Shall I tell you what happened, Mama?

What?

The house got bigger, and Papa got smaller, and he has to be found and put in a jar, like a spider or a cockroach.

*

A small, square sheet of paper falls from the withered branches of the orange tree. I take my magnifying glass from my blazer pocket and laboriously read:

Note (Owen to José Rojas Garcidueñas, Philadelphia, 1951): “It could be my last book. It’s going to have a title nobody has used in this century,
The Dance of Death
. I had friends, in the Middle Ages, who showed me how it should be written. They did it pretty well. But I burn much brighter when I write.”

I don’t remember having written that. But it’s true that I burn when I’m writing.

*

We play. We search for my husband in the living room, among the debris: a Buzz Lightyear, a dummy, a foam-rubber brontosaurus, a little bell. We don’t find my husband.

*

If I were to write this novel, it would have this line by Emily Dickinson as an epigraph: “Presentiment is that long shadow on the lawn.”

*

Among the fallen books, we find one of my old Post-its.

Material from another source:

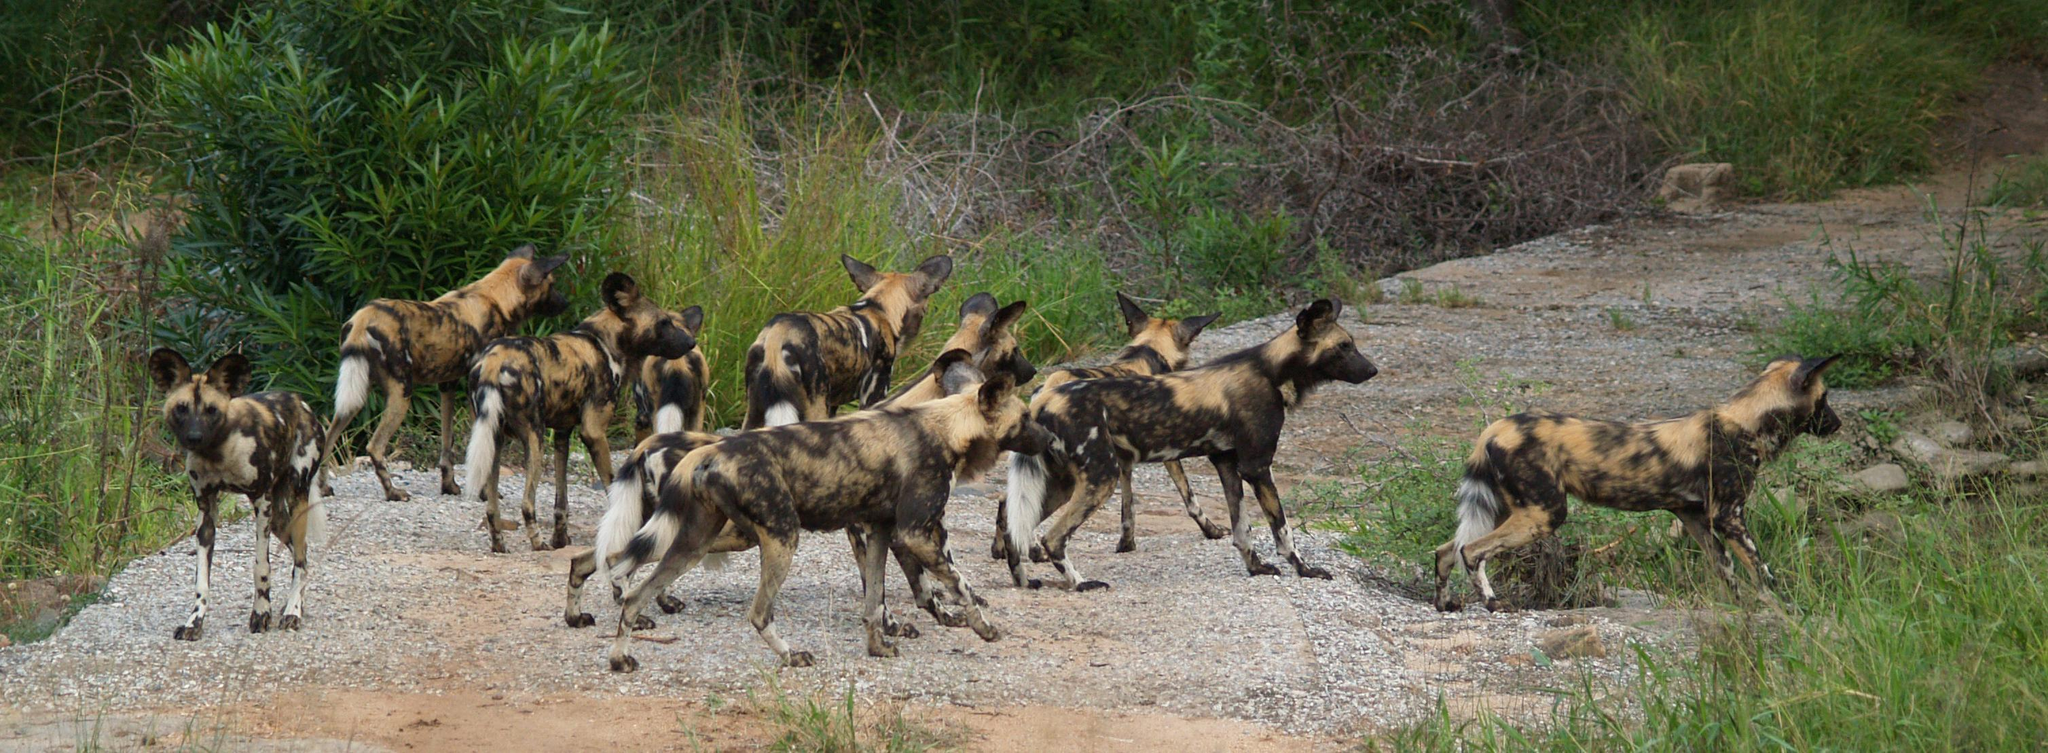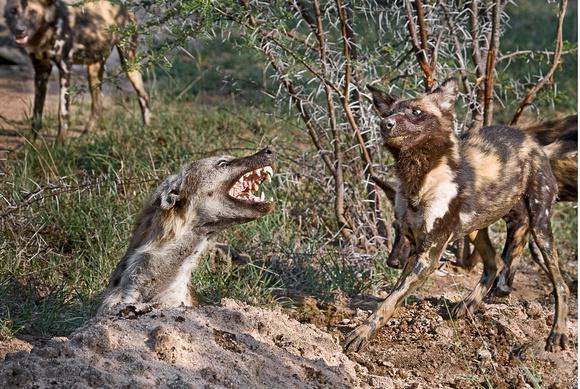The first image is the image on the left, the second image is the image on the right. Given the left and right images, does the statement "In the right image, a fang-baring open-mouthed hyena on the left is facing at least one canine of a different type on the right." hold true? Answer yes or no. Yes. 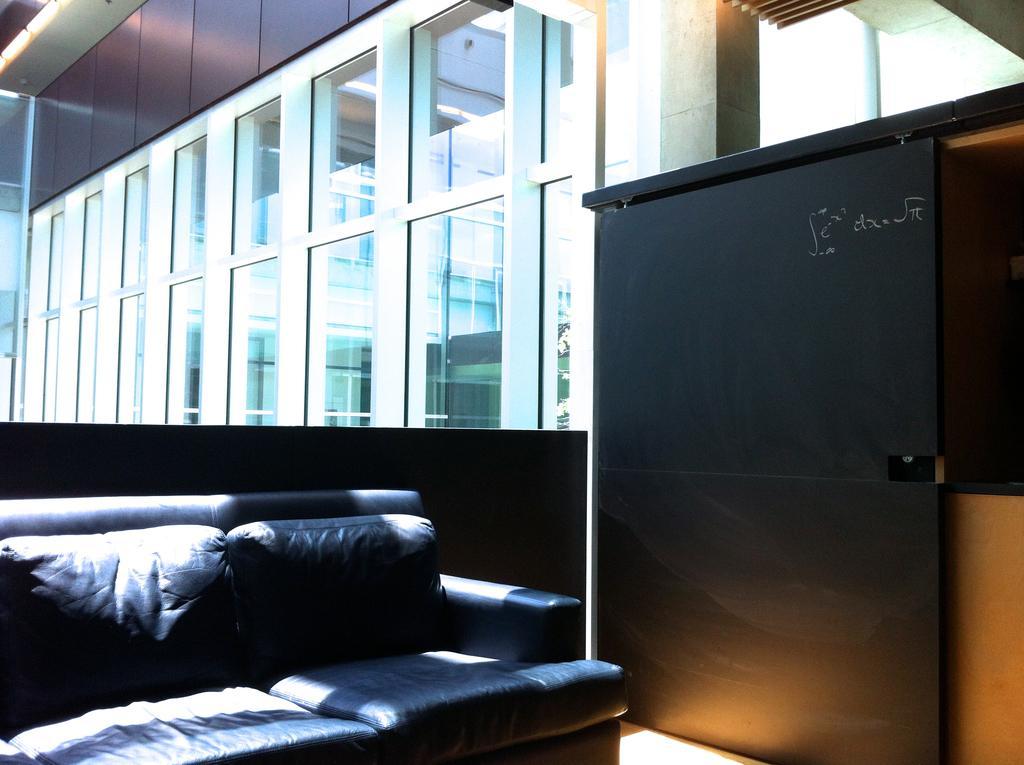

A piece of your book, Mama!

Let’s see.

Here, you read it out.

Note: As a child, Owen had “the six magic senses.” He predicted earthquakes. The doctors in El Rosario suggested opening up his head to find the cause.

*

The narrator of the novel should be like an Emily Dickinson. A woman who remains eternally locked up in her house, or in a subway carriage, it makes no difference which, talking with her ghosts and trying to piece together a series of broken thoughts.

*

I don’t think Without is in the house anymore, Mama.

Why do you say that?

Because I think that if he was, he’d help us.

*

One day the narrator of this novel finds a pot with a dead tree on her doorstep and brings it inside. She waters it but it never really revives. She begins to write about what that plant sees from a corner of one of the rooms. The plant will start to impose itself on the voice of the narrator until completely taking it over. The dead tree narrates from a corner, to one side of the front door, from where the kitchen, the small lounge, and part of the bedroom can be seen. It likes watching the woman get undressed at night in her bedroom before going to the bathroom to brush her teeth: it watches the tangled trail of her pubis as she passes, then it studies the shape of her ass as she returns to the bedroom.

*

Help us do what?

I don’t know, help us find spiders, catch flies and cockroaches, eat cereal.

Would he help us glue the house back together?

Glue the house, Mama, what for?

So it can withstand the next earthquake?